Brave et battante, elle était aussi un leader. Il suffisait de la voir réussir à faire pencher les débats à l’Assemblée dans un sens ou dans l’autre. En période de campagne électorale ou à l’occasion des bains de foule, son leadership était manifeste. C’est peu dire qu’elle faisait vibrer les femmes dont elle fut pendant longtemps le porte-étendard. Elle aura réussi à prouver que la place de la femme est aussi en politique et qu’il suffit de le vouloir pour s’imposer.

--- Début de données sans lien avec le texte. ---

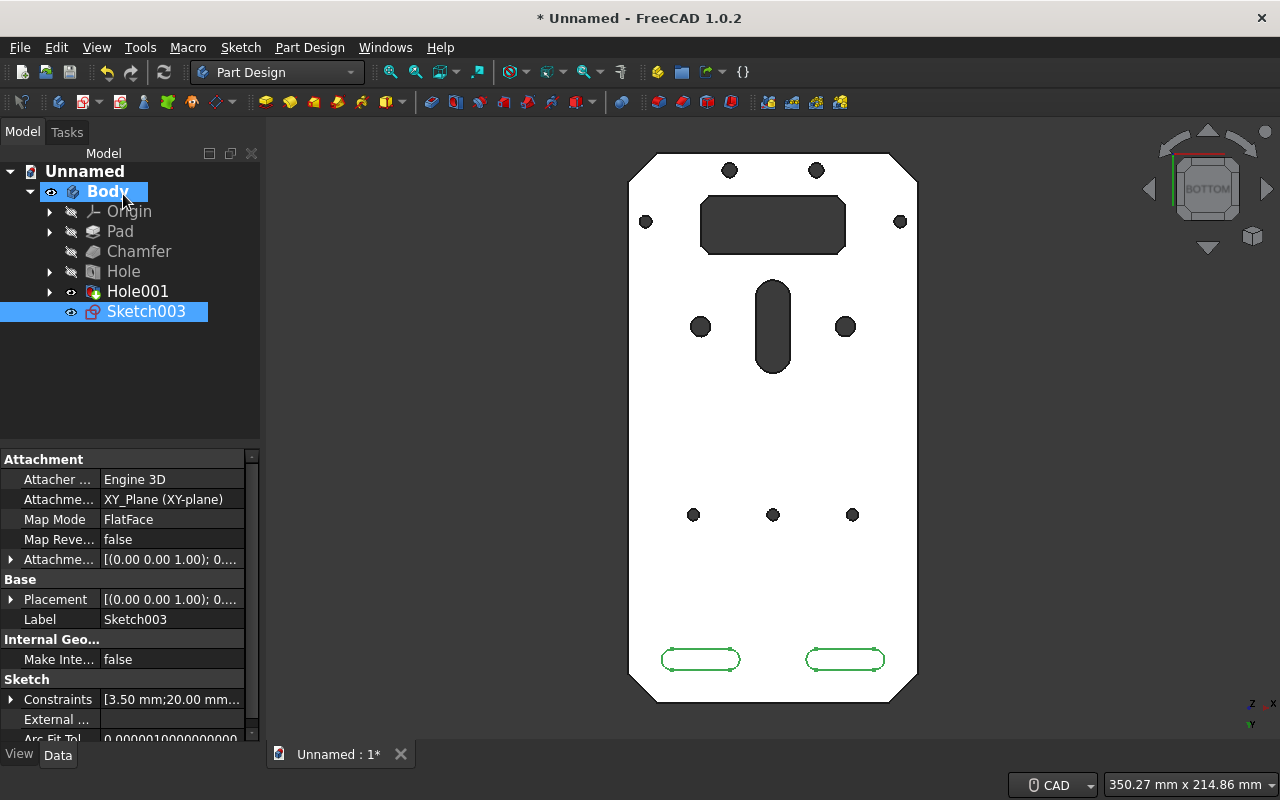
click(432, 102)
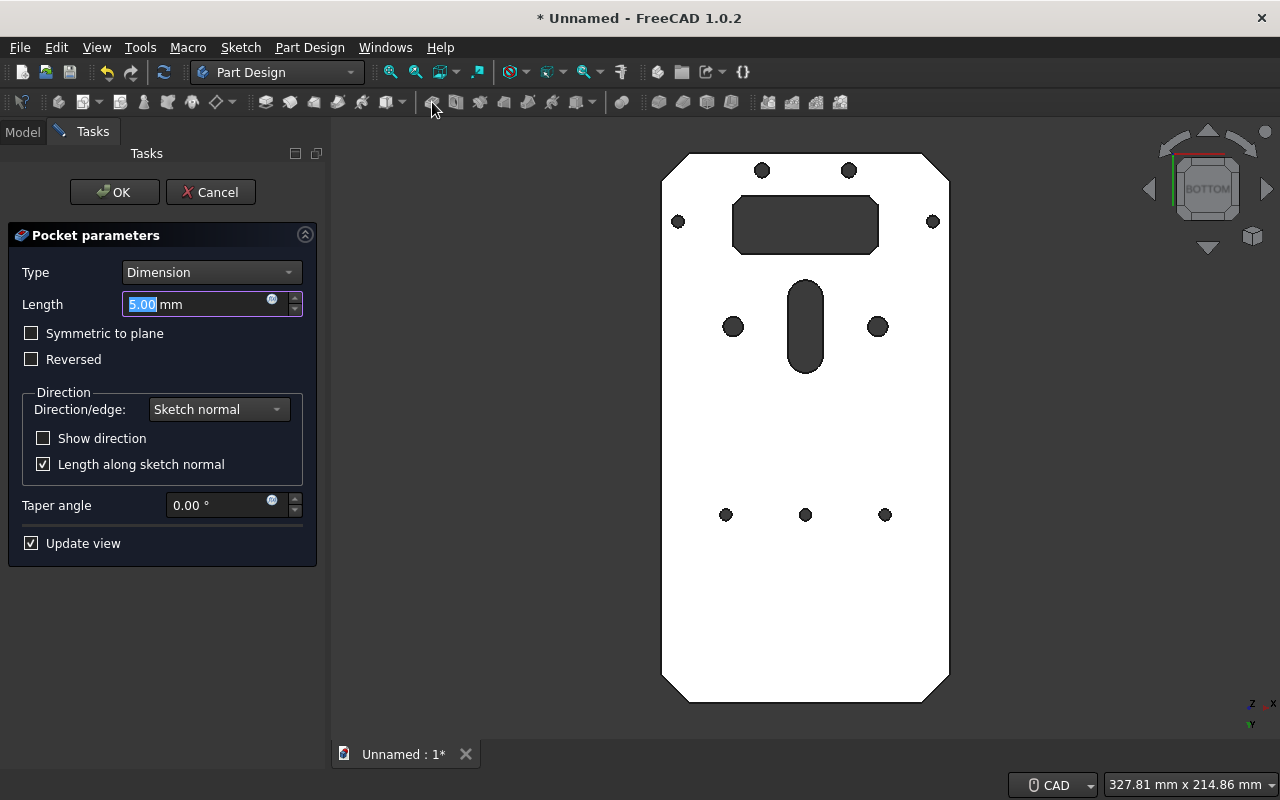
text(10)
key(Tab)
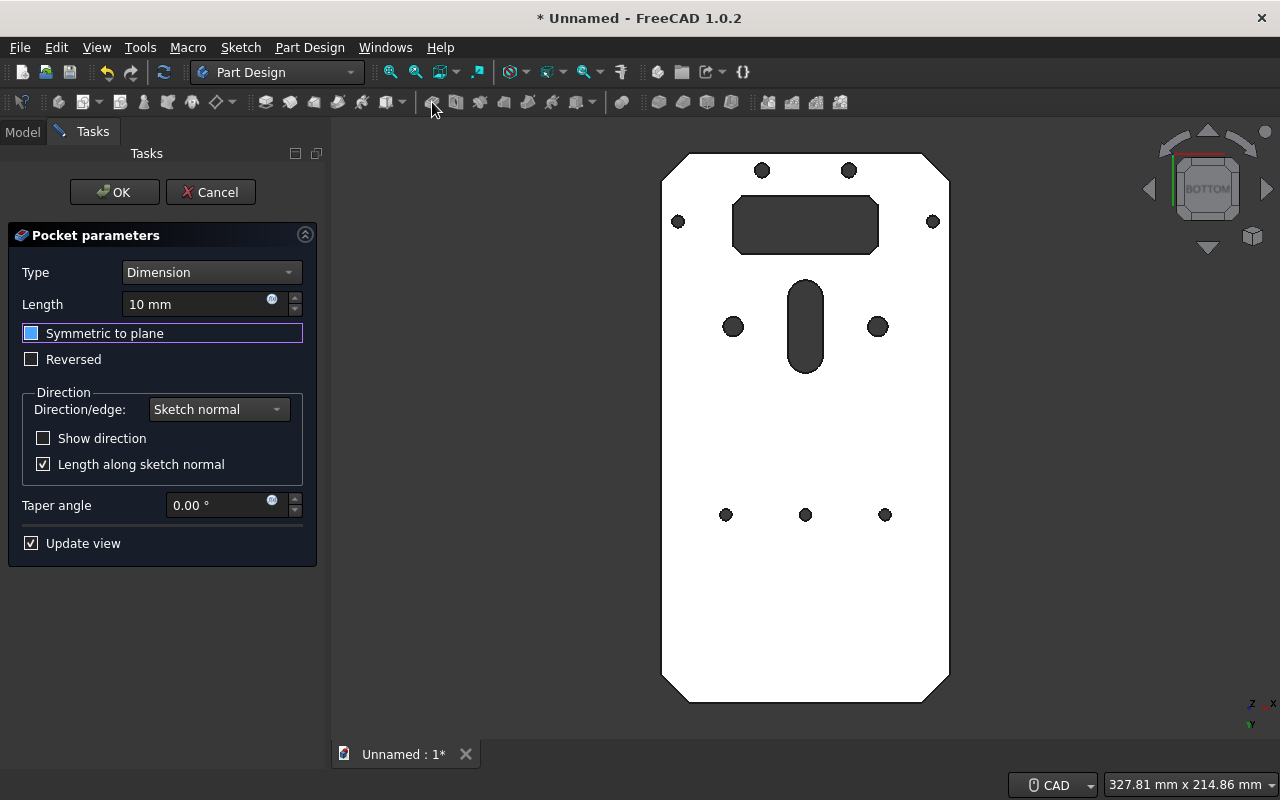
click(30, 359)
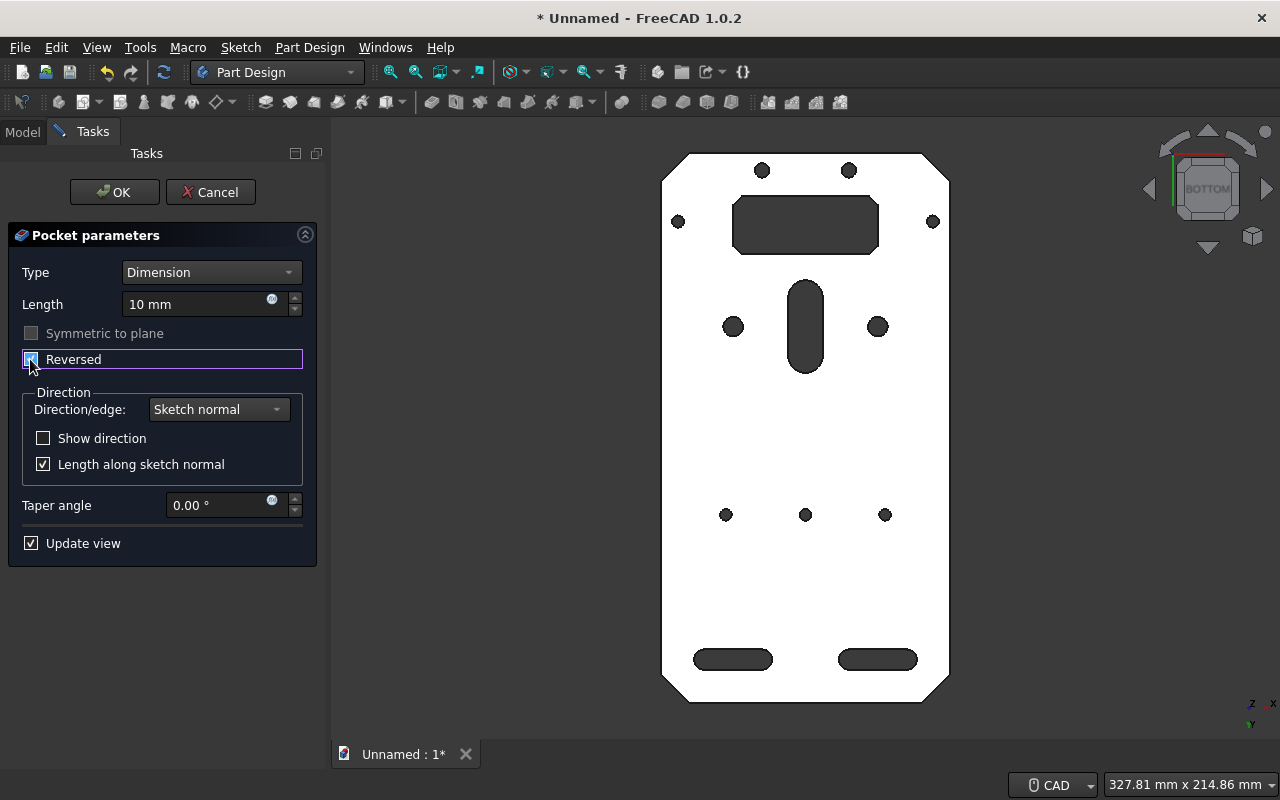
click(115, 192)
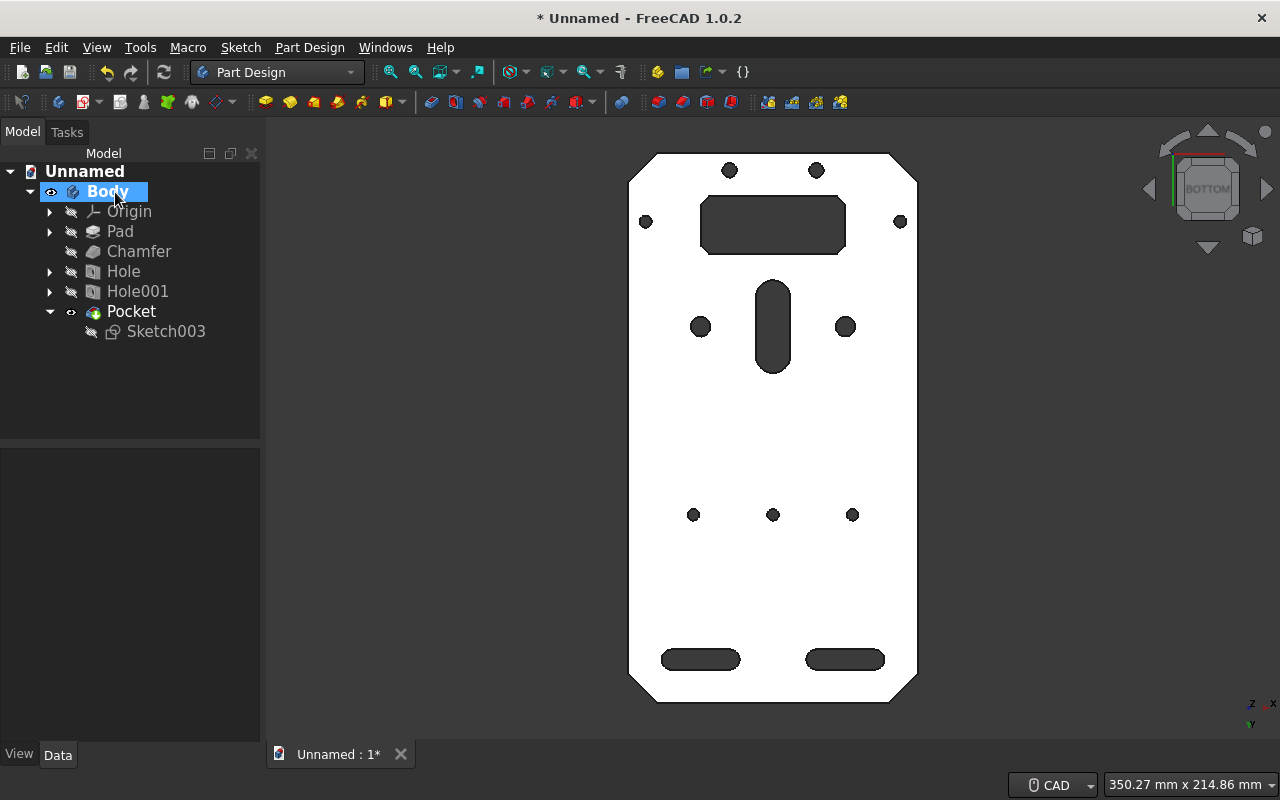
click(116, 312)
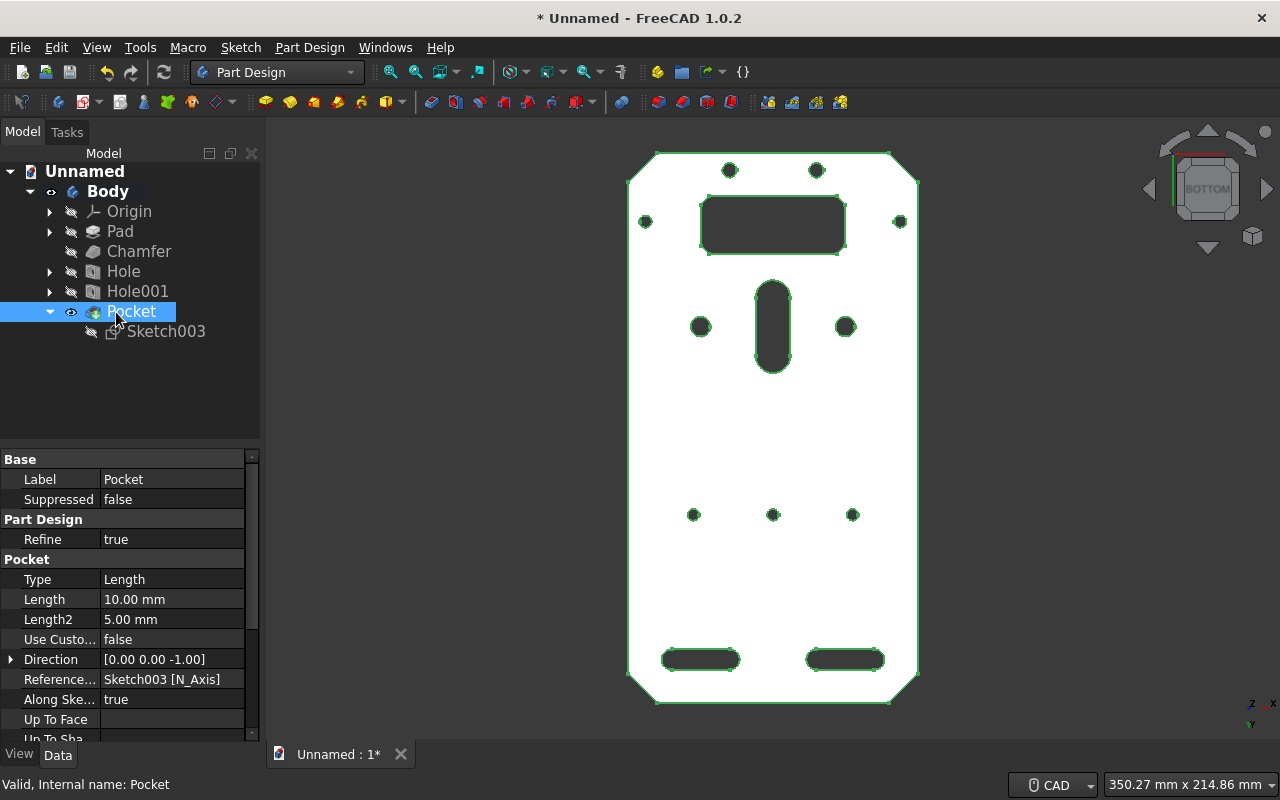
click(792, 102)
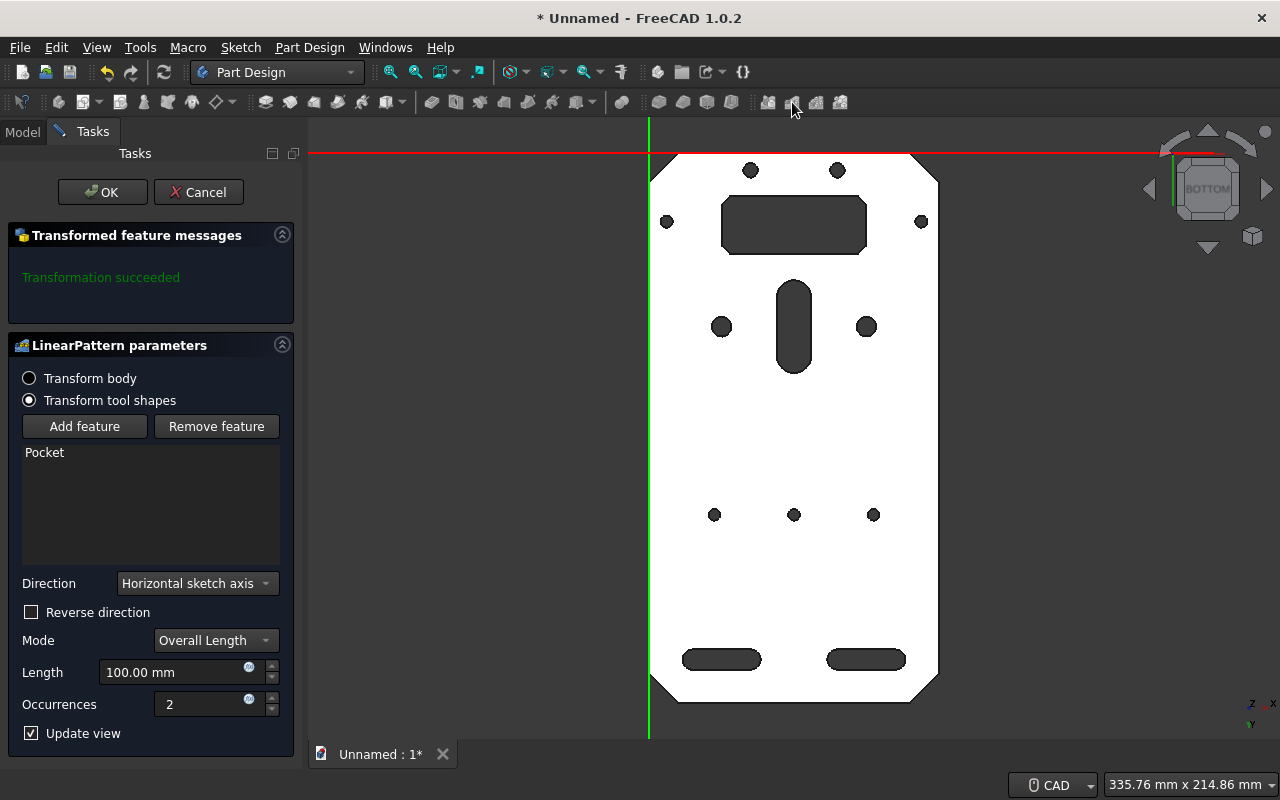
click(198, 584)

Choquée au départ par cette intrusion dans la vie publique, l’opinion a appris à la connaître, à l’accepter et à l’admirer. En dépit de ses frasques, elle a toujours su inspirer du respect et de l’admiration.
Une tacticienne
En 2019, après 24 années consécutives passées au parlement, Rosine Soglo a pris sa retraite et s’est retranchée à son domicile sis au quartier « Les cocotiers ». Indubitablement, elle a marqué d’une empreinte indélébile son long passage au palais des gouverneurs à Porto-Novo. Elle savait user des avantages que lui conféraient les circonstances du moment pour engranger des victoires politiques. En avril 2003, la 4ème législature prenait son envol. Aux premières loges, Rosine Soglo, doyenne d’âge chargée de conduire l’élection du nouveau bureau de l’Assemblée nationale. Au moyen de multiples suspensions et de reports de séance, elle a bloqué le processus électoral en exigeant au moins un poste pour son parti tombé en minorité. En dépit des pressions, elle est restée intransigeante. Il a fallu une décision de la Cour constitutionnelle un mois plus tard pour débloquer la situation. En mai 2015, lors de l’installation de la 7ème législature, la coalition qui a porté Adrien Houngbédji au perchoir pour la 3ème fois à une voix près, a réussi son coup grâce à Rosine Soglo qui dirigeait les travaux. Pourtant, en ce temps-là, elle était déjà malade et aveugle.
Une mère poule
Seule femme de la famille au milieu de trois hommes (son mari et ses deux fils), Rosine Soglo a veillé sur eux jusqu’au bout. Quiconque osait s’attaquer à l’un d’entre eux la trouvait sur son chemin. Cette femme de poigne, unique et irremplaçable fut un soutien fidèle pour les siens. Hélas, à l’heure du dernier soupir, elle n’a pu bénéficier de leur présence réconfortante. Hospitalisée ces derniers jours suite à des soucis cardiaques, elle a demandé à rejoindre son domicile dans la matinée d’hier. Elle s’est éteinte dans l’après-midi loin de son mari parti à l’étranger pour suivre des soins médicaux et de son fils aîné, Léhady en situation d’exil. Seule consolation, son second fils Galiou eut l’honneur et l’éprouvante charge de conduire sa dépouille à la morgue.